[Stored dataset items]
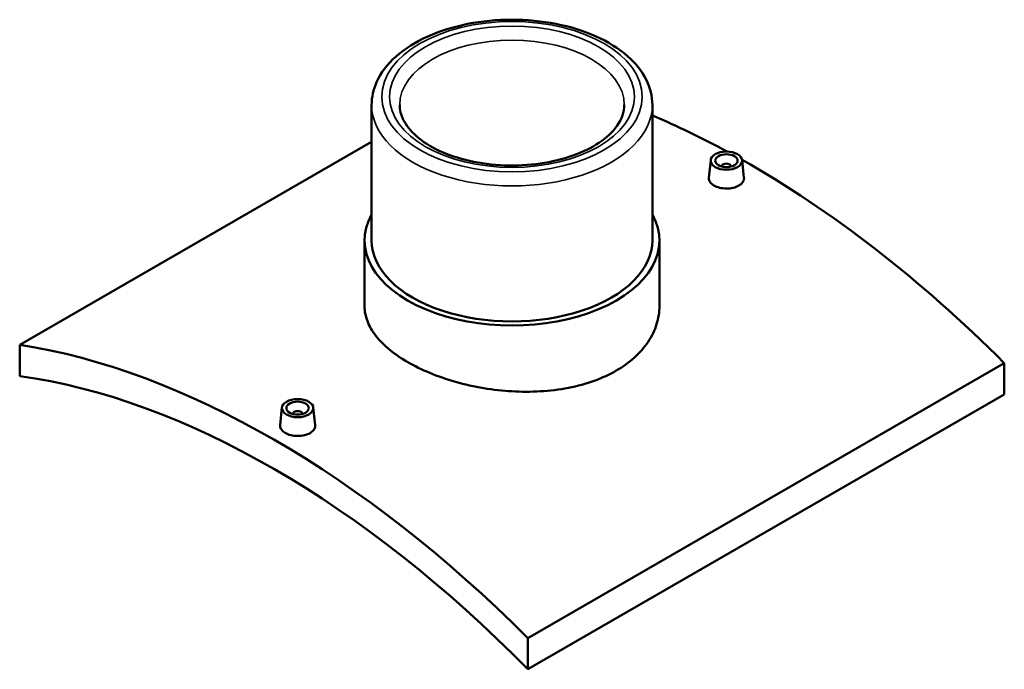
# Model space of a CAD drawing. Header units: millimetres. Extents: x -224 to 1412, y -611 to 992.
# Tile 5 of 5: x 974 to 1412, y 702 to 992. Entities that reach past the tile are written whole.
import ezdxf

# ---------------------------------------------------------------- set-up
doc = ezdxf.new("R2010")
doc.units = ezdxf.units.MM
doc.layers.add('Visible (ANSI)', color=7, linetype='Continuous', lineweight=50)
doc.layers.add('Visible Narrow (ANSI)', color=7, linetype='Continuous', lineweight=35)

msp = doc.modelspace()

# ---------------------------------------------------------------- linework, layer by layer
at = {"layer": 'Visible (ANSI)'}
for p, q in [((1130.25, 953.72), (1130.25, 893.38)), ((1255.25, 953.72), (1255.25, 893.38)), ((973.55, 846.9), (1130.25, 937.37)), ((1281.22, 929.15), (1280.38, 921.31)), ((1286.21, 926.25), (1286.21, 926.45)), ((1290.21, 926.25), (1290.21, 926.45)), ((1295.2, 929.15), (1296.04, 921.32)), ((1127.12, 893.38), (1127.12, 864.06)), ((1258.37, 893.38), (1258.37, 864.06)), ((973.55, 846.9), (973.55, 832.96)), ((1411.95, 838.73), (1199.82, 716.26)), ((1411.95, 838.73), (1411.95, 824.79)), ((1199.82, 702.32), (1411.95, 824.79)), ((1090.3, 818.92), (1089.46, 811.08)), ((1095.29, 816.22), (1095.29, 816.03)), ((1099.29, 816.22), (1099.29, 816.03)), ((1104.28, 818.92), (1105.12, 811.09)), ((1199.82, 702.32), (1199.82, 716.26))]:
    msp.add_line(p, q, dxfattribs=at)
for centre, major_axis, start_param, end_param in [((1298.82, 546.7), (233, -403.57), 2.387407, 2.488797), ((1288.21, 926.45), (-2, 0), 2.963882, 6.460896), ((1298.82, 546.7), (233, -403.57), 2.005716, 2.367225), ((1192.75, 893.38), (65.62, 0), 2.831748, 6.59303), ((1192.75, 893.38), (-62.5, 0), 0, 3.141593), ((1086.68, 424.22), (-233, 403.57), 5.147308, 5.848266), ((1086.68, 424.22), (225, -389.71), 1.992686, 2.719703), ((1097.29, 816.22), (-2, 0), 2.963882, 6.460896)]:
    msp.add_ellipse(centre, major_axis=major_axis, ratio=0.57735, start_param=start_param, end_param=end_param, dxfattribs=at)
for centre, major_axis in [((1288.21, 928.9), (7, 0)), ((1288.21, 928.9), (5, 0)), ((1097.29, 818.67), (-7, 0)), ((1097.29, 818.67), (5, 0))]:
    msp.add_ellipse(centre, major_axis=major_axis, ratio=0.57735, dxfattribs=at)
for points, knots in [([(1255.25, 953.72), (1255.25, 957.59), (1254.29, 961.44), (1250.57, 968.87), (1247.72, 972.4), (1240.26, 978.94), (1235.52, 981.87), (1224.75, 986.7), (1218.7, 988.58), (1205.97, 991.08), (1199.3, 991.71), (1185.98, 991.7), (1179.33, 991.06), (1166.67, 988.54), (1160.66, 986.67), (1149.85, 981.81), (1145.06, 978.82), (1137.3, 971.94), (1134.3, 968.05), (1131, 960.58), (1130.25, 957.16), (1130.25, 953.72)], [0.785398, 0.785398, 0.785398, 0.785398, 1.066565, 1.066565, 1.368114, 1.368114, 1.695669, 1.695669, 2.02788, 2.02788, 2.358158, 2.358158, 2.687502, 2.687502, 3.017796, 3.017796, 3.35001, 3.35001, 3.677305, 3.677305, 3.926991, 3.926991, 3.926991, 3.926991]), ([(1242.75, 953.72), (1242.75, 950.62), (1241.71, 947.46), (1237.57, 941.7), (1234.88, 939.15), (1228.16, 934.68), (1224.22, 932.73), (1215.37, 929.59), (1210.46, 928.39), (1200.16, 926.9), (1194.77, 926.62), (1184.1, 927.01), (1178.81, 927.69), (1168.94, 929.93), (1164.34, 931.48), (1156.34, 935.22), (1152.93, 937.41), (1147.54, 942.12), (1145.58, 944.63), (1143.26, 949.34), (1142.75, 951.54), (1142.75, 953.72)], [5.497787, 5.497787, 5.497787, 5.497787, 5.891179, 5.891179, 6.212015, 6.212015, 6.516911, 6.516911, 6.823451, 6.823451, 7.132392, 7.132392, 7.441933, 7.441933, 7.750044, 7.750044, 8.055418, 8.055418, 8.362549, 8.362549, 8.63938, 8.63938, 8.63938, 8.63938]), ([(1293.76, 917.8), (1293.06, 917.4), (1292.18, 917.06), (1290.24, 916.6), (1289.19, 916.5), (1287.22, 916.51), (1286.17, 916.63), (1284.24, 917.11), (1283.36, 917.46), (1281.97, 918.26), (1281.36, 918.77), (1280.56, 919.87), (1280.37, 920.47), (1280.37, 921.13), (1280.37, 921.22), (1280.38, 921.31)], [2.363465, 2.363465, 2.363465, 2.363465, 2.658923, 2.658923, 2.954381, 2.954381, 3.249789, 3.249789, 3.545197, 3.545197, 3.840606, 3.840606, 4.136014, 4.136014, 4.183963, 4.183963, 4.183963, 4.183963]), ([(1296.04, 921.32), (1296.05, 921.22), (1296.05, 921.13), (1296.05, 920.46), (1295.86, 919.84), (1295.06, 918.72), (1294.45, 918.21), (1293.76, 917.8)], [6.4513067, 6.4513067, 6.4513067, 6.4513067, 6.4993648, 6.4993648, 6.7948796, 6.7948796, 7.0903945, 7.0903945, 7.0903945, 7.0903945]), ([(1239.15, 835.36), (1236.24, 833.68), (1232.94, 832.15), (1225.77, 829.55), (1221.89, 828.49), (1213.81, 826.92), (1209.59, 826.41), (1201.12, 825.91), (1196.86, 825.93), (1188.63, 826.41), (1184.38, 826.88), (1175.91, 828.3), (1171.69, 829.24), (1163.61, 831.53), (1159.73, 832.88), (1152.56, 835.85), (1149.26, 837.47), (1143.43, 840.84), (1140.69, 842.7), (1135.87, 846.65), (1133.79, 848.75), (1130.44, 853.06), (1129.18, 855.28), (1127.52, 859.71), (1127.12, 861.92), (1127.12, 864.06)], [0, 0, 0, 0, 1.23778, 1.23778, 2.47556, 2.47556, 3.71334, 3.71334, 4.951121, 4.951121, 6.188884, 6.188884, 7.426648, 7.426648, 8.664411, 8.664411, 9.902174, 9.902174, 11.139938, 11.139938, 12.377701, 12.377701, 13.615465, 13.615465, 14.853228, 14.853228, 14.853228, 14.853228]), ([(1258.37, 864.06), (1258.37, 861.44), (1257.98, 858.74), (1256.32, 853.39), (1255.06, 850.74), (1251.71, 845.71), (1249.63, 843.33), (1244.81, 839), (1242.07, 837.05), (1239.15, 835.36)], [34.657577, 34.657577, 34.657577, 34.657577, 35.895357, 35.895357, 37.133137, 37.133137, 38.370917, 38.370917, 39.608698, 39.608698, 39.608698, 39.608698]), ([(1102.84, 807.58), (1102.14, 807.17), (1101.26, 806.83), (1099.33, 806.38), (1098.27, 806.27), (1096.31, 806.29), (1095.26, 806.41), (1093.32, 806.88), (1092.44, 807.23), (1091.05, 808.04), (1090.45, 808.54), (1089.65, 809.65), (1089.45, 810.25), (1089.45, 810.9), (1089.45, 810.99), (1089.46, 811.08)], [0, 0, 0, 0, 0.295515, 0.295515, 0.59103, 0.59103, 0.886381, 0.886381, 1.181732, 1.181732, 1.477084, 1.477084, 1.772435, 1.772435, 1.820496, 1.820496, 1.820496, 1.820496]), ([(1105.12, 811.09), (1105.13, 810.99), (1105.13, 810.9), (1105.13, 810.23), (1104.94, 809.62), (1104.14, 808.49), (1103.53, 807.98), (1102.84, 807.58)], [4.0878443, 4.0878443, 4.0878443, 4.0878443, 4.1360139, 4.1360139, 4.4314718, 4.4314718, 4.7269297, 4.7269297, 4.7269297, 4.7269297])]:
    msp.add_open_spline(points, degree=3, knots=knots, dxfattribs=at)
at = {"layer": 'Visible Narrow (ANSI)'}
for major_axis in [(58, 0), (54.5, 0)]:
    msp.add_ellipse((1192.75, 957.39), major_axis=major_axis, ratio=0.57735, dxfattribs=at)
for major_axis, start_param, end_param in [((-50, 0), 3.141593, 6.283185), ((-62.5, 0), 0, 3.141593)]:
    msp.add_ellipse((1192.75, 953.72), major_axis=major_axis, ratio=0.57735, start_param=start_param, end_param=end_param, dxfattribs=at)

doc.saveas('drawing.dxf')

Task to complete: Look through the lines above and collect those with the word "ANSI".

Task solution:
doc.layers.add('Visible (ANSI)', color=7, linetype='Continuous', lineweight=50)
doc.layers.add('Visible Narrow (ANSI)', color=7, linetype='Continuous', lineweight=35)
at = {"layer": 'Visible (ANSI)'}
at = {"layer": 'Visible Narrow (ANSI)'}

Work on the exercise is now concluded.